[Tutor] parsing--is this right?

Danny Yoo dyoo@hkn.eecs.berkeley.edu
Tue, 11 Jun 2002 10:19:00 -0700 (PDT)


On Mon, 10 Jun 2002, Paul Tremblay wrote:


> I see that you pass a list of tokesn to the parser method in the class
> chunk.
>
[some text cut and moved around]
>
> (2) I don't understand why you don't have to create an object first to
> use this method.
>
> (3) I don't understand how you can call on the Chunk method, when
> it is the name of a class.


Hi Paul:

Actually, the parse() function is meant to be standalone: it's not a
method.  I'm only using Chunk()  to group the data together, and to make
it easier to extract the command type later on.


> (4) I don't understand how this code would work if the tokens were
> broken over lines. I guess you could read the file in as lines and set
> your example text to lines.

As long as we first do all of the tokenization before parsing, we should
be ok.  In many cases, we want to break down this parsing task into two
tasks:

     1. Breaking our text file into a bunch of recognizable tokens
     2. Figuring out the structure between those tokens.
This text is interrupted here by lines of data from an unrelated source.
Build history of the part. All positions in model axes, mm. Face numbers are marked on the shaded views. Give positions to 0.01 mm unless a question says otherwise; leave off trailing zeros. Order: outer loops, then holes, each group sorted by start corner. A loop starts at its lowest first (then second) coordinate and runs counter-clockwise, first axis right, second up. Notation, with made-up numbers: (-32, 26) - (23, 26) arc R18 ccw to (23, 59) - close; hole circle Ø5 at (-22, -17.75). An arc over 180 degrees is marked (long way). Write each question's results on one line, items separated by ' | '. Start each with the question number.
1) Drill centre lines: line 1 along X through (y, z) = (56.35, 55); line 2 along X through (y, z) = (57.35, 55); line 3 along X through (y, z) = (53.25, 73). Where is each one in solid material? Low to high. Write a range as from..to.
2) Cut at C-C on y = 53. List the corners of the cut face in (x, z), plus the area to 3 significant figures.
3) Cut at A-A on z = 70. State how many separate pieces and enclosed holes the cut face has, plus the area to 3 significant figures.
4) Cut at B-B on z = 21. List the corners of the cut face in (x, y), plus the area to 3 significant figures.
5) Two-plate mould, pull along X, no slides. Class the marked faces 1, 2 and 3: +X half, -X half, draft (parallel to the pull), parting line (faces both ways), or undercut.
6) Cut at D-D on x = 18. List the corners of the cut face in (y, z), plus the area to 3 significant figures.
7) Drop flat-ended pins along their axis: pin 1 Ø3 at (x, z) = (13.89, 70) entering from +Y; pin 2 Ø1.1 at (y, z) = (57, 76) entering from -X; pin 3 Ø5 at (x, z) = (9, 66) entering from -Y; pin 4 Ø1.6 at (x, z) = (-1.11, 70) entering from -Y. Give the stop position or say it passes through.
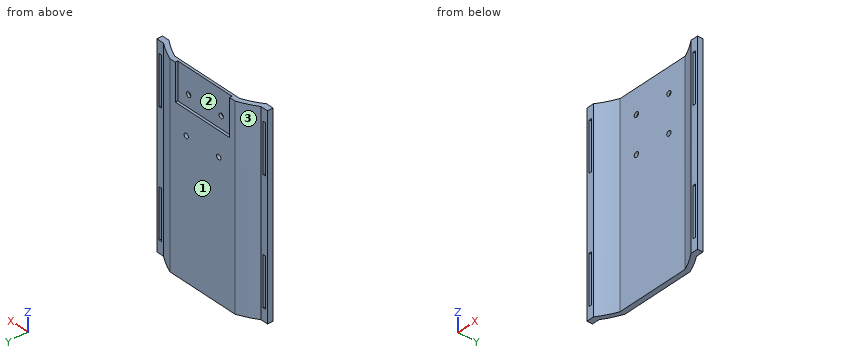
from build123d import *

# Parameters (mm, degrees)
BOSS_EXTRUDE1_DEPTH = 80
SKETCH8_W           = 25
SKETCH8_H           = 15
CUT_EXTRUDE2_DEPTH  = 1
SKETCH9_R           = 1
CUT_EXTRUDE3_DEPTH  = 1
SKETCH12_W          = 1
SKETCH12_H          = 20
CUT_EXTRUDE4_DEPTH  = 4.69
SKETCH13_R          = 1
CUT_EXTRUDE5_DEPTH  = 4.69


with BuildPart() as part:
    # Sketch4 → Boss-Extrude1 (new body)
    with BuildSketch(Plane.XY):
        with BuildLine():
            Line((-19.110677356, 53.885203774), (-16.110677356, 53.885203774))
            ThreePointArc((-16.110677356, 53.885203774), (-12.467042329, 56.084638099), (-8.610677356, 57.885203774))
            Line((-8.610677356, 57.885203774), (21.389322644, 57.885203774))
            ThreePointArc((21.389322644, 57.885203774), (25.245687617, 56.084638099), (28.889322644, 53.885203774))
            Line((28.889322644, 53.885203774), (31.889322644, 53.885203774))
            Line((31.889322644, 53.885203774), (31.889322644, 51.627366583))
            Line((31.889322644, 51.627366583), (28.889322644, 51.627366583))
            ThreePointArc((28.889322644, 51.627366583), (25.259796787, 53.968495283), (21.389322644, 55.885203774))
            Line((21.389322644, 55.885203774), (-8.610677356, 55.885203774))
            ThreePointArc((-8.610677356, 55.885203774), (-12.481151499, 53.968495283), (-16.110677356, 51.627366583))
            Line((-16.110677356, 51.627366583), (-19.110677356, 51.627366583))
            Line((-19.110677356, 51.627366583), (-19.110677356, 53.885203774))
        make_face()
    extrude(amount=BOSS_EXTRUDE1_DEPTH)

    # Sketch8 → Cut-Extrude2 (cut)
    with BuildSketch(Plane(origin=(0, 57.885203774, 0), x_dir=(1, 0, 0), z_dir=(0, 1, 0))):
        with Locations((6.389322644, -72.5)):
            Rectangle(SKETCH8_W, SKETCH8_H)
    extrude(amount=-CUT_EXTRUDE2_DEPTH, mode=Mode.SUBTRACT)

    # Sketch9 → Cut-Extrude3 (cut)
    with BuildSketch(Plane(origin=(0, 56.885203774, 0), x_dir=(1, 0, 0), z_dir=(0, 1, 0))):
        with Locations(Location((-1.110677356, -70, 0), (0, 0, 270))):
            Circle(SKETCH9_R)
        with Locations(Location((13.889322644, -70, 0), (0, 0, 270))):
            Circle(SKETCH9_R)
    extrude(amount=-CUT_EXTRUDE3_DEPTH, mode=Mode.SUBTRACT)

    # Sketch12 → Cut-Extrude4 (cut)
    with BuildSketch(Plane(origin=(0, 53.885203774, 0), x_dir=(1, 0, 0), z_dir=(0, 1, 0))):
        with Locations((-17.610677356, -15)):
            Rectangle(SKETCH12_W, SKETCH12_H)
        with Locations((-17.610677356, -65)):
            Rectangle(SKETCH12_W, SKETCH12_H)
        with Locations((30.389322644, -15)):
            Rectangle(SKETCH12_W, SKETCH12_H)
        with Locations((30.389322644, -65)):
            Rectangle(SKETCH12_W, SKETCH12_H)
    extrude(amount=-CUT_EXTRUDE4_DEPTH, mode=Mode.SUBTRACT)

    # Sketch13 → Cut-Extrude5 (cut)
    with BuildSketch(Plane(origin=(0, 57.885203774, 0), x_dir=(1, 0, 0), z_dir=(0, 1, 0))):
        with Locations(Location((-1.110677356, -55, 0), (0, 0, 270))):
            Circle(SKETCH13_R)
        with Locations(Location((13.889322644, -55, 0), (0, 0, 270))):
            Circle(SKETCH13_R)
    extrude(amount=-CUT_EXTRUDE5_DEPTH, mode=Mode.SUBTRACT)


solid = part.part
Results:
1) line 1: -11.96..-2.11, -0.11..12.89, 14.89..24.74 | line 2: -9.87..-2.11, -0.11..12.89, 14.89..22.65 | line 3: -19.11..-18.11, -17.11..-13.69, 26.47..29.89, 30.89..31.89
2) outline: (-19.11, 0) - (-14.09, 0) - (-14.09, 80) - (-19.11, 80) - close; (26.87, 0) - (31.89, 0) - (31.89, 80) - (26.87, 80) - close; hole (-18.11, 5) - (-17.11, 5) - (-17.11, 25) - (-18.11, 25) - close; hole (-18.11, 55) - (-17.11, 55) - (-17.11, 75) - (-18.11, 75) - close; hole (29.89, 5) - (30.89, 5) - (30.89, 25) - (29.89, 25) - close; hole (29.89, 55) - (30.89, 55) - (30.89, 75) - (29.89, 75) - close | area: 723 mm^2
3) separate pieces: 5 | enclosed holes: 0 | area: 71.7 mm^2
4) outline: (-19.11, 51.63) - (-18.11, 51.63) - (-18.11, 53.89) - (-19.11, 53.89) - close; (-17.11, 51.63) - (-16.11, 51.63) arc R38.22 cw to (-8.61, 55.89) - (21.39, 55.89) arc R38.22 cw to (28.89, 51.63) - (29.89, 51.63) - (29.89, 53.89) - (28.89, 53.89) arc R40.07 ccw to (21.39, 57.89) - (-8.61, 57.89) arc R40.07 ccw to (-16.11, 53.89) - (-17.11, 53.89) - close; (30.89, 51.63) - (31.89, 51.63) - (31.89, 53.89) - (30.89, 53.89) - close | area: 101 mm^2
5) face 1: draft | face 2: undercut | face 3: -X half
6) outline: (55.89, 0) - (57.89, 0) - (57.89, 65) - (56.89, 65) - (56.89, 80) - (55.89, 80) - close | area: 145 mm^2
7) pin 1: y = 56.89 | pin 2: x = -11.77 | pin 3: y = 55.89 | pin 4: through

By breaking it down this way, both tasks can become simpler.


The rtf parser I wrote only recognizes two categories of tokens: the
beginning of boundaries (brackets "{}"), and everything else.  Since it
groups these tokens into those two categories, it doesn't have to worry
about newlines.  That's why a lot of parsers are paired together with
tokenizers, so that the parser can avoid thinking about content, and
concentrate more on categories.


> (1)I don't understand how this method continues to read each item in the
> list.

This parser progressively eats more and more of the tokens by using the
pop() method of lists.  It simultaneously removes an element from our
tokens list, and returns that element back to us.  For example:

###
>>> tokens = ['hello', 'world', 'this', 'is', 'a', 'test']
>>> tokens.pop(0)
'hello'
>>> tokens.pop(0)
'world'
>>> tokens.pop(0)
'this'
>>> tokens.pop(0)
'is'
>>> tokens.pop(0)
'a'
>>> tokens.pop(0)
'test'
>>> tokens.pop(0)
Traceback (most recent call last):
  File "<stdin>", line 1, in ?
IndexError: pop from empty list
###



If it helps, I can try simplifying the parser a little more for clarity.
We can get rid of Chunk() class stuff altogether, and break up that
parse()  function into two pieces to make its intent a little clearer.


###
import re

def parse(tokens):
    """Parses one thing, given a source of tokens.  That one thing can
    be either a single piece of text, or a bracketed list."""
    if tokens[0] == '{': return parseList(tokens)         ## Case 1
    else: return tokens.pop(0)                            ## Case 2


def parseList(tokens):
    """To parse a bracketed list, continue parsing the rest of the token
    stream until we hit the end of the bracketed list."""
    tokens.pop(0)                  ## Eat the leading bracket.
    collected_pieces = []
    while tokens[0] != '}':
        collected_pieces.append(parse(tokens))
    tokens.pop(0)                  ## Eat the closing bracket.
    return collected_pieces


def tokenize(text):
    def nonEmpty(thing):
        return len(thing.strip()) > 0
    return filter(nonEmpty, re.split(r'(\{|\}|\s)', text))
###


Please feel free to ask more questions!  Good luck to you.